Pour comprendre pourquoi j'estime qu'il
faudrait dédier quasiment tout un site web à ce film, il faut commencer par le
commencement. C'est à dire ma première rencontre avec Muriel. 1994, Muriel's Wedding,
petit film australien de P.J. Hogan (aucun rapport avec l'acteur des Crocodile Dundee)
fait sensation à Cannes en section parallèle. Le film connaît même un joli petit
succès en salles lors de sa sortie quelques mois plus tard. Et finalement c'est bien
après tout le monde qu'un soir de mars 1995 (le 20 mars exactement après vérification
sur le ticket), que je me décidais à aller voir ce que l'on présentait comme une
comédie. Et je m'attendais à un ptit film amusant, sans doute attachant, mais pas
impérissable. Et finalement je me suis pris l'une de mes plus grosses claques de
cinéphile en plein dans la vue. Au fil des visions je me rends compte que j'aime de plus
en plus ce film, que à chaque fois il me bouleverse un peu plus, ce qui est fort rare car
bien souvent on finit par se lasser même de ses films favoris quand on commence à les
connaître par cur. Mais pas de Muriel. Ce film, et c'est là toute sa magie, ce
film donne envie de vivre. Une alchimie relativement complexe s'y déroule. Non, Muriel n'est pas une comédie, c'est un film inclassable qui passe du rire aux larmes sans
maladresse, qui mélange tous les genres en les portant à leur perfection. Muriel décrit
la "revanche des médiocres" et c'est un bonheur. Un miracle sur pellicule en
quelque sorte.
Muriel's Wedding est un film triste,
sombre, cruel, on y pleure beaucoup plus qu'on y rit, et l'on passe par les tréfonds de
la bêtise humaine pour retrouver la lumière dans un final bouleversant. Si si ! C'est
bien du Muriel présenté comme une "comédie familiale hilarante" par TF1
Vidéo (qui à sa décharge l'a édité en VO, heureusement !) dont je parle. Bon il faut
avouer que parfois la comédie pure se taille la part du lion (il y a des moments de pur
burlesque dans Muriel) mais plus de la moitié du film navigue plutôt entre le cynisme et
la noirceur. Et c'est en cela que Muriel est un spectacle total qui rompt avec tout ce que
l'on a l'habitude de voir au cinéma. En cela plusieurs facteurs sont décisifs.

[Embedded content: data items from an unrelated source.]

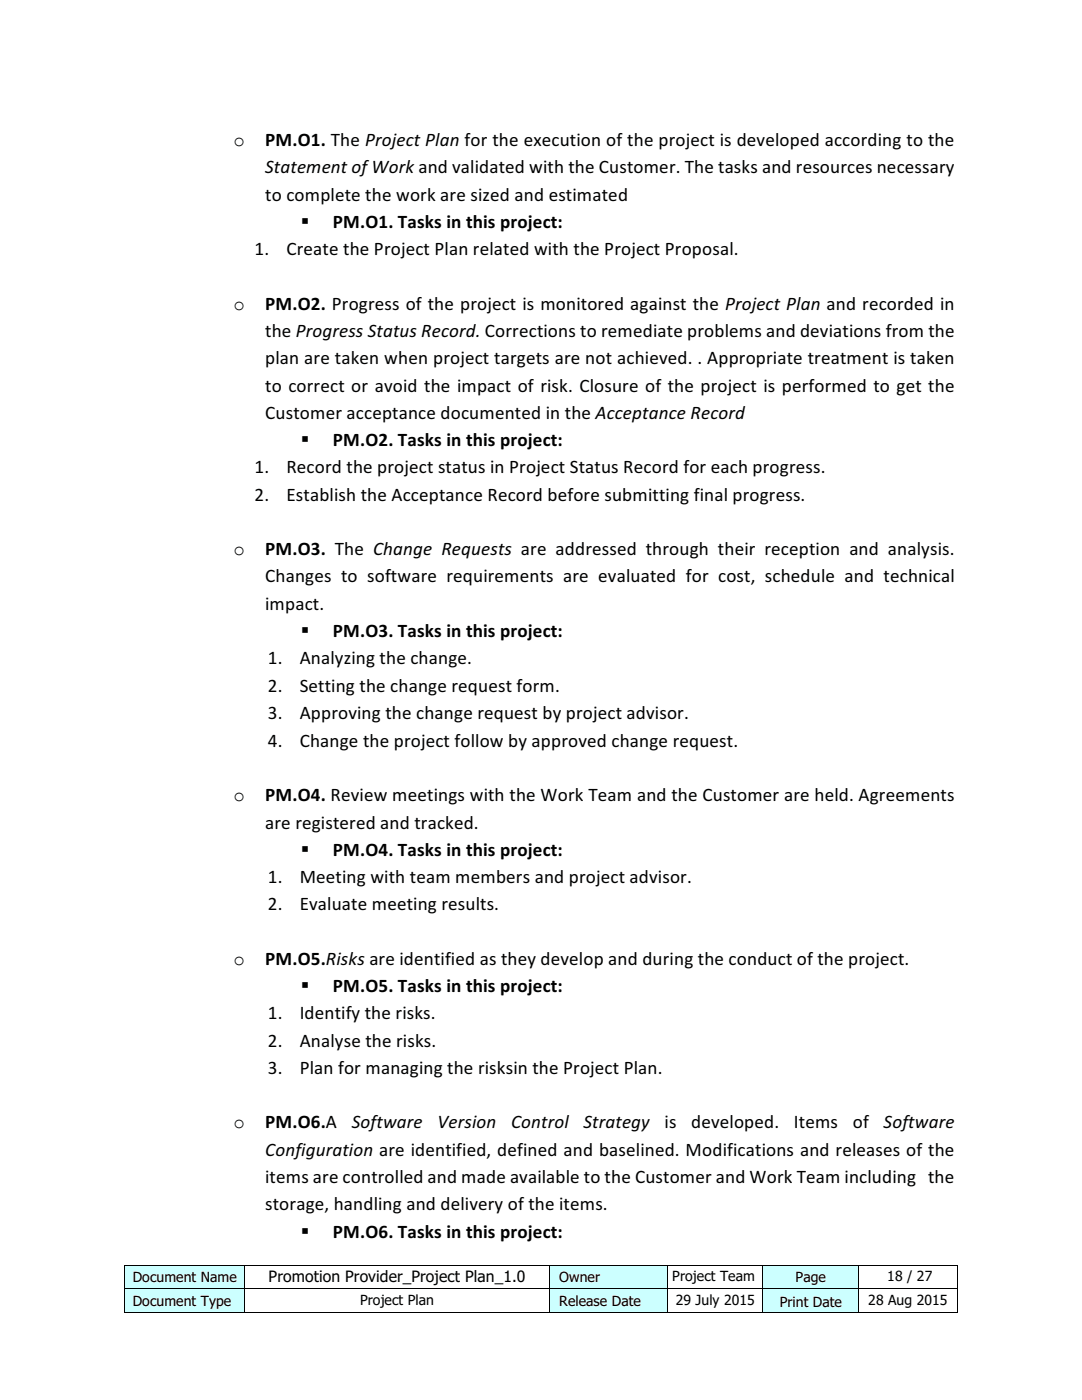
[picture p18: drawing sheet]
<svg xmlns="http://www.w3.org/2000/svg" width="216mm" height="279mm" viewBox="0 0 216 279" stroke-linecap="round" stroke-linejoin="round" font-family="sans-serif">
<defs><g id="words">
<g font-size="3.8">
<text x="46.6" y="29.1">o</text>
<text x="52.9" y="29.1">PM.O1. The!Project!Plan for!the!execution!of!the!project!is!developed!according!to!the!</text>
<text x="52.9" y="34.5">Statement!of!Work!and!validated with!the!Customer.!The!tasks!and!resources!necessary!</text>
<text x="52.9" y="40">to!complete!the!work!are!sized!and!estimated</text>
<text x="60.1" y="45.5">!</text>
<text x="66.4" y="45.5">PM.O1.)Tasks)in)this)project:</text>
<text x="50.8" y="50.9">1.</text>
<text x="57.1" y="50.9">Create!the!Project!Plan!related!with!the!Project!Proposal.</text>
<text x="46.6" y="61.8">o</text>
<text x="52.9" y="61.8">PM.O2. Progress!of!the!project!is!monitored!against!the!Project!Plan!and!recorded!in!</text>
<text x="52.9" y="67.2">the!Progress!Status!Record.!Corrections!to!remediate!problems!and!deviations!from!the!</text>
<text x="52.9" y="72.7">plan!are!taken!when!project!targets!are!not!achieved.!.!Appropriate!treatment!is!taken!</text>
<text x="52.9" y="78.1">to!correct!or!avoid!the!impact!of!risk.!Closure!of!the!project!is performed!to!get!the!</text>
<text x="52.9" y="83.6">Customer!acceptance!documented!in!the!Acceptance!Record</text>
<text x="60.1" y="89.1">!</text>
<text x="66.4" y="89.1">PM.O2.)Tasks)in)this)project:</text>
<text x="50.8" y="94.5">1.</text>
<text x="57.1" y="94.5">Record!the!project!status!in!Project Status!Record!for!each!progress.</text>
<text x="50.8" y="99.9">2.</text>
<text x="57.1" y="99.9">Establish!the!Acceptance!Record!before!submitting!final!progress.</text>
<text x="46.6" y="110.8">o</text>
<text x="52.9" y="110.8">PM.O3. The! Change! Requests are! addressed! through! their! reception! and! analysis.!</text>
<text x="52.9" y="116.2">Changes! to! software! requirements! are! evaluated! for! cost,! schedule! and! technical!</text>
<text x="52.9" y="121.8">impact.</text>
<text x="60.1" y="127.2">!</text>
<text x="66.4" y="127.2">PM.O3.)Tasks)in)this)project:</text>
<text x="53.4" y="132.6">1.</text>
<text x="59.8" y="132.6">Analyzing!the!change.</text>
<text x="53.4" y="138.1">2.</text>
<text x="53.4" y="143.5">3.</text>
<text x="59.8" y="138.1">Setting!the!change!request!form.</text>
<text x="59.8" y="143.5">Approving!the!change!request!by!project!advisor.</text>
<text x="53.4" y="149">4.</text>
<text x="59.8" y="149">Change!the!project!follow!by!approved!change!request.</text>
<text x="46.6" y="159.9">o</text>
<text x="52.9" y="159.9">PM.O4. Review!meetings!with!the!Work!Team!and!the!Customer!are!held.!Agreements!</text>
<text x="52.9" y="165.4">are!registered!and!tracked.</text>
<text x="60.1" y="170.8">!</text>
<text x="66.4" y="170.8">PM.O4.)Tasks)in)this)project:</text>
<text x="53.4" y="176.2">1.</text>
<text x="59.8" y="176.2">Meeting!with!team!members!and project!advisor.</text>
<text x="53.4" y="181.7">2.</text>
<text x="59.8" y="181.7">Evaluate!meeting!results.</text>
<text x="46.6" y="192.5">o</text>
<text x="52.9" y="192.5">PM.O5.Risks are!identified!as!they!develop!and!during!the!conduct!of!the!project.</text>
<text x="53.4" y="203.5">1.</text>
<text x="59.8" y="203.5">Identify!the!risks.</text>
<text x="60.1" y="198">!</text>
<text x="66.4" y="198">PM.O5.)Tasks)in)this)project:</text>
<text x="53.4" y="208.9">2.</text>
<text x="59.8" y="208.9">Analyse!the!risks.</text>
<text x="53.4" y="214.4">3.</text>
<text x="59.8" y="214.4">Plan!for!managing!the!risksin!the!Project!Plan.</text>
<text x="46.6" y="225.2">o</text>
<text x="52.9" y="225.2">PM.O6.A! Software</text>
<text x="87.3" y="225.2">Version! Control! Strategy</text>
<text x="132.6" y="225.2">is! developed.! Items! of! Software!</text>
<text x="52.9" y="230.7">Configuration are!identified,!defined!and!baselined.!Modifications!and!releases!of!the!</text>
<text x="52.9" y="236.1">items!are!controlled!and!made!available!to!the!Customer!and!Work!Team!including!!!the!</text>
<text x="52.9" y="241.6">storage,!handling and!delivery!of!the!items.</text>
<text x="60.1" y="247.1">!</text>
<text x="66.4" y="247.1">PM.O6.)Tasks)in)this)project:</text>
</g>
<text font-size="3.1" x="53.6" y="255.8">Promotion)Provider_Project)Plan_1.0</text>
<g font-size="2.8">
<text x="26.5" y="255.9">Document)Name</text>
<text x="111.6" y="255.9">Owner</text>
<text x="134.2" y="255.7">Project)Team</text>
<text x="158.8" y="255.9">Page</text>
<text x="177.1" y="255.7">18 /)27</text>
<text x="26.5" y="260.6">Document)Type</text>
<text x="71.9" y="260.3">Project)Plan</text>
<text x="111.6" y="260.6">Release)Date</text>
<text x="134.8" y="260.3">29)July)2015</text>
<text x="155.6" y="260.8">Print)Date</text>
<text x="173.3" y="260.3">28)Aug)2015</text>
</g>
</g></defs>
<g fill="#cff">
<path d="M25 252.6h23.7v4.4h-23.7z"/>
<path d="M47.3 253.2h1.4v3.3h-1.4z"/>
<path d="M109.7 252.6h23.4v4.4h-23.4z"/>
<path d="M152.3 252.6h18.9v4.4h-18.9z"/>
</g>
<path d="M24.8 252.5h.2v.1h-.2zM48.7 252.5h.2v.1h-.2zM109.6 252.5h.1v.1h-.1zM133.1 252.5h.2v.1h-.2zM152.1 252.5h.2v.1h-.2zM171.2 252.5h.2v.1h-.2zM190.9 252.5h.2v.1h-.2z" fill="#000"/>
<g fill="none" stroke="#000" stroke-width=".2">
<path d="M24.9 252.6v4.4M25 252.6h23.7M48.8 252.6v4.4M48.9 252.6h60.7M109.6 252.6v4.4M109.7 252.6h23.4M133.2 252.6v4.4M133.3 252.6h18.8M152.2 252.6v4.4M152.3 252.6h18.9M171.3 252.6v4.4M171.4 252.6h19.5"/>
<path d="M191 252.6v4.4"/>
</g>
<g fill="#cff">
<path d="M25 257.2h23.7v4.6h-23.7z"/>
<path d="M47.3 257.8h1.4v3.4h-1.4z"/>
<path d="M109.7 257.2h23.4v4.6h-23.4z"/>
<path d="M152.3 257.2h18.9v4.6h-18.9z"/>
</g>
<g fill="#000">
<path d="M24.8 257h.2v.2h-.2zM48.7 257h.2v.2h-.2zM109.6 257h.1v.2h-.1zM133.1 257h.2v.2h-.2zM152.1 257h.2v.2h-.2zM171.2 257h.2v.2h-.2zM190.9 257h.2v.2h-.2zM24.8 261.8h.2v.2h-.2zM48.7 261.8h.2v.2h-.2zM109.6 261.8h.1v.2h-.1zM133.1 261.8h.2v.2h-.2zM152.1 261.8h.2v.2h-.2z"/>
<path d="M171.2 261.8h.2v.2h-.2zM190.9 261.8h.2v.2h-.2z"/>
</g>
<g fill="none" stroke="#000" stroke-width=".2">
<path d="M24.9 257.2v4.6M25 257.1h23.7M48.8 257.2v4.6M48.9 257.1h60.7M109.6 257.2v4.6M109.7 257.1h23.4M133.2 257.2v4.6M133.3 257.1h18.8M152.2 257.2v4.6M152.3 257.1h18.9M171.3 257.2v4.6M171.4 257.1h19.5"/>
<path d="M191 257.2v4.6M25 261.9h23.7M48.9 261.9h60.7M109.7 261.9h23.4M133.3 261.9h18.8M152.3 261.9h18.9M171.4 261.9h19.5"/>
</g>
<use href="#words"/>
</svg>

Muriel est un film à la fois
très kitsch et très beau. Du point de vue esthétique le film est aussi schizophrénique
que son scénario. Entre le mauvais goût de certains décors et la qualité hallucinante
de la photographie (travail étonnant de Martin McGrath) on est plongé entre réalisme
cru et kitsch quasi onirique, et comme son voisin de palier le magnifique Priscilla Queen
Of The Desert, Muriel's Wedding se déroule dans une sorte de réalité
"déformée" où les époques se mélangent, où les gens naviguent entre le
cliché et l'imprévisibilité. Techniquement le film brille d'une certaine perfection
malgré un budget pas aussi monumental que cela.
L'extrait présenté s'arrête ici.